In order to improve the operation effect of the vertical rototiller, a rototiller–soil model was established using the discrete element method; the soil breaking, tool torque, and power consumption during its operation were analyzed, and soil tank tests were conducted for verification.

• Simulation results show that the distribution of vertical rotary tillage knives has a significant effect on the operating effect; the operating effect of four knives was increased by up to 10.6% under the same conditions for soil crushing due to doubling the number of knives, but the power consumption was increased by 13.8%. The operating effect of the vertical rotary tillage machine was negatively related to the forward speed of the knives and positively related to the rotation speed of the knives; increasing the contact area between the knives and the soil improved the crushing effect on the soil.
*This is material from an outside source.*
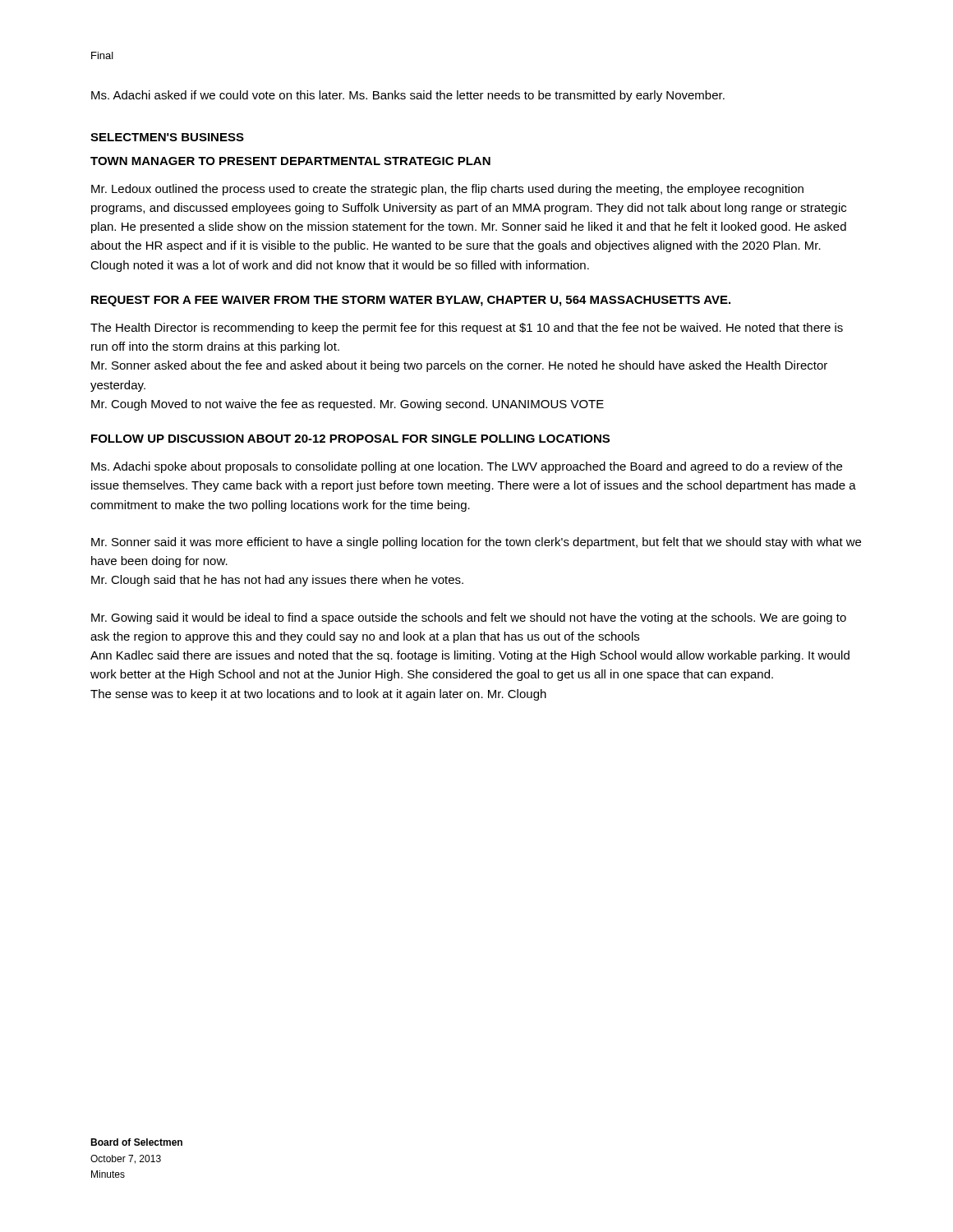Navigate to the block starting "Mr. Sonner said it was more efficient to"
The image size is (953, 1232).
[x=476, y=543]

Increasing the contact area between the tool and the soil to improve the crushing effect on the soil by increasing the bending angle of the tool also improved the crushing effect on the soil.
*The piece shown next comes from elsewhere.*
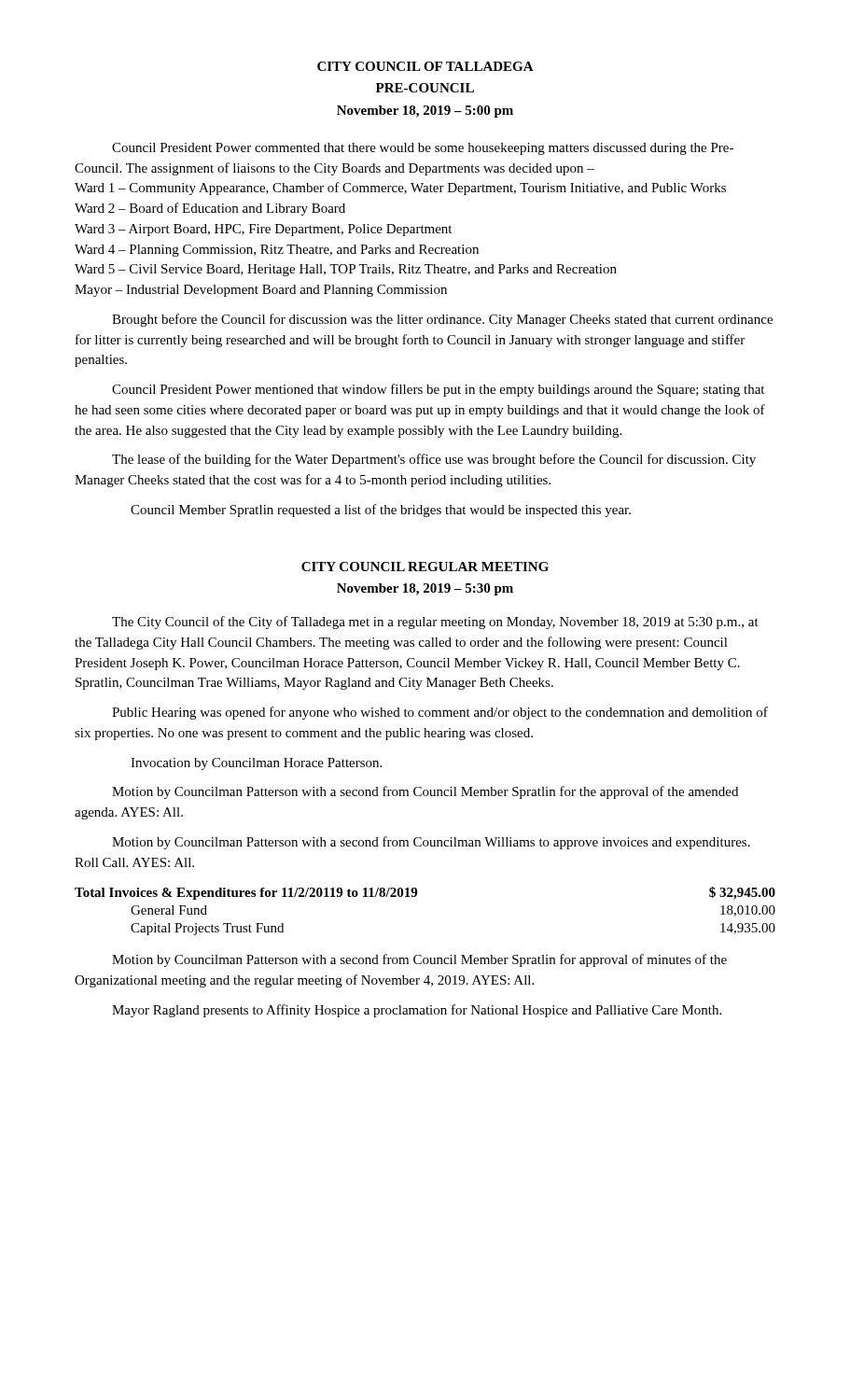Where is the passage that starts "Ward 4 – Planning Commission, Ritz Theatre, and"?

click(425, 250)

• With the forward speed of the tool, tool speed, and tool bending angle as three factors, and the torque, power consumption, and soil crushing effect of the vertical rotary tillage knife as the test indexes, orthogonal tests were conducted and the best operating and structural parameters were determined via extreme difference analysis: forward speed, 1.5 m·s⁻¹; tool speed, 340 r·min⁻¹; and tool bending angle, 8°.
• The soil tank test showed that the average tillage depth of vertical rotary tiller operation under the optimal parameter combination was 15.02 cm and the average soil breaking rate was 80.8%, which meets agronomic tillage requirements; the actual measured power consumption was 7% higher than the simulated value, which is close, verifying the validity of the simulation results and laying the foundation for subsequent research on and optimization of the whole machine.

In this study, we mainly analyzed the effects of the operating parameters of the rotary tiller, the number of tools installed, and the bending angle of the tools on the operating effect, and conducted a soil groove verification test, providing a reference for future optimization research on the micro vertical rotary tiller.